Here is an example, recently re-stated in the New York Times: "'Bonnie and Clyde' could be made in Hollywood in the '60s not only because of the influence of the French New Wave but because of the lapsing of a rule that had banned movies from showing a gun firing and the bullet hitting its target in the same shot."
If you think that Hollywood films never had scenes showing a gun firing and the bullet hitting its target in the same shot before Bonnie and Clyde you are wrong, and your discussion about why Bonnie and Clyde was made when it was made will not result in a good answer because of this faulty premise. There are hundreds, maybe thousands, of films from the decades preceding the 1960s in which such scenes take place; in westerns, war films, thrillers, science fiction, melodramas, and such. Some of these scenes are even famous. I do not know where the mistaken belief about this ban comes from, but it was not invented by the Times, it has been brought up in many places. In one of my first blog posts, in September 2009, I complained about a documentary I had recently seen about Sergio Leone in which it was claimed that Leone was the first to break with this alleged rule. He was not, not even if there had been such a rule.

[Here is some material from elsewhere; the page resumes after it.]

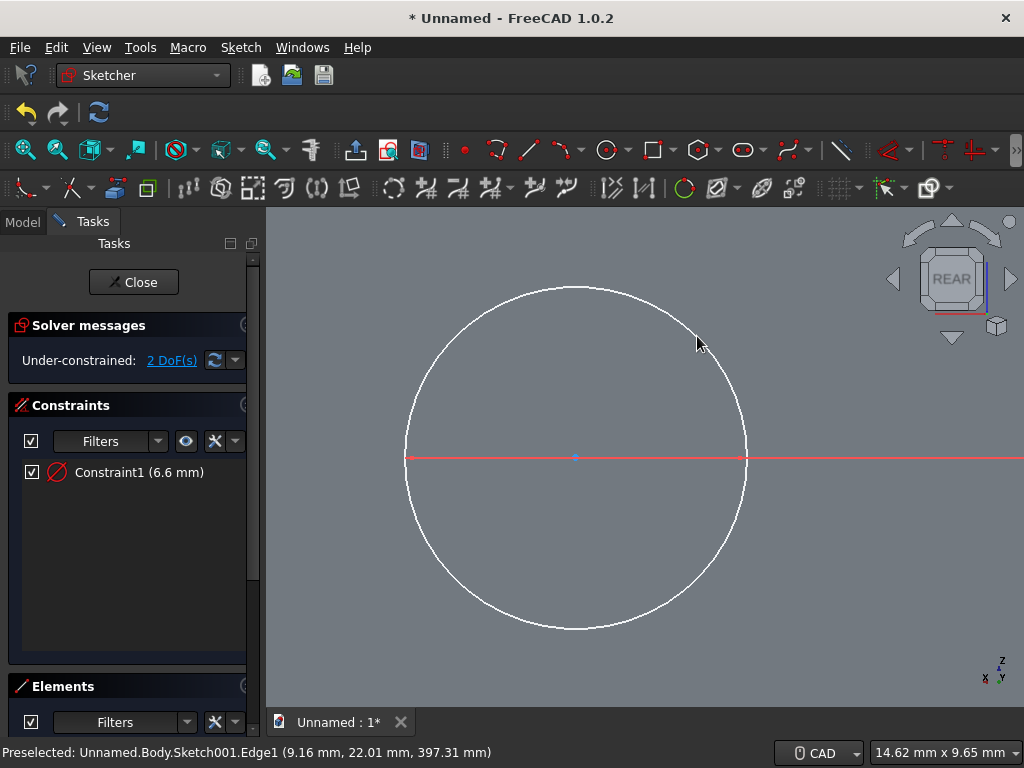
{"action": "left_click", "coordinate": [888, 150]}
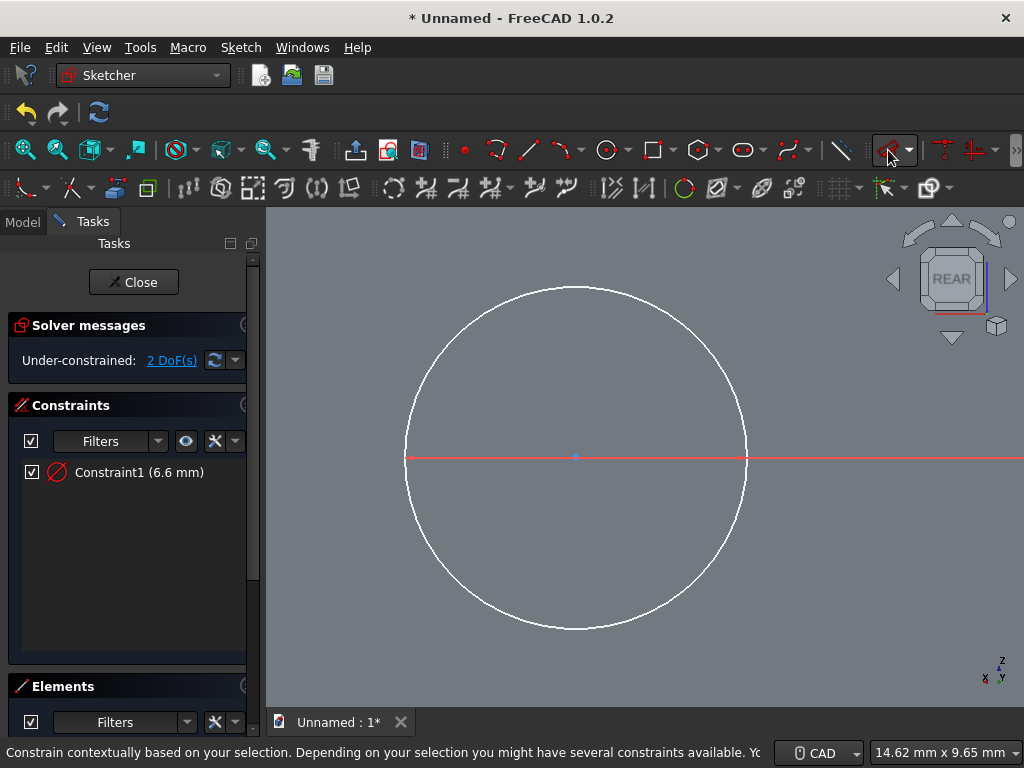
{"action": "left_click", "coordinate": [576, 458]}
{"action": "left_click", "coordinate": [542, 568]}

Wilson shoots Torrey in Shane (George Stevens 1953)
In the previous article I said I do not know why the conventional wisdom is often confused and/or wrong. But one reason is that the situation in academia and within publishing, as well as for newspapers and journals, is such that there is little time, few incentives, little editorial oversight or fact-checking, to make sure that what is published is accurate and relevant. Scholars are under immense pressure to publish all the time if they want to be able to advance in their careers, or even to keep their current positions, and do not have the luxury to spend enough time on it, or be picky about which publications they publish with. That the research should preferably be trendy, or "timely," is
another factor. Meanwhile, many writers for newspapers and journals are poorly paid, and also under immense pressure to publish all the time, quality be damned. No single person is to be blamed for this; it is a structural problem.
However, as this is true for most, or all, disciplines, not just for films, it does not explain all of the problems. I have sat through enough lectures and conference presentations to know that it is not just in publishing that film scholars often seem to be unaware of the extent to which the conventional wisdoms they repeat or rely on are wrong, on the level of "World War 2 began in 1942 when Germany invaded Belgium with two cavalry divisions." This too is not necessarily the fault of any individual, but a systemic issue: the field of cinema studies can perhaps be described as historically underdeveloped. I struggled with this early on when doing research myself, constantly realising that things were different from what I had been told, and different from how almost any given textbook on film history tells it.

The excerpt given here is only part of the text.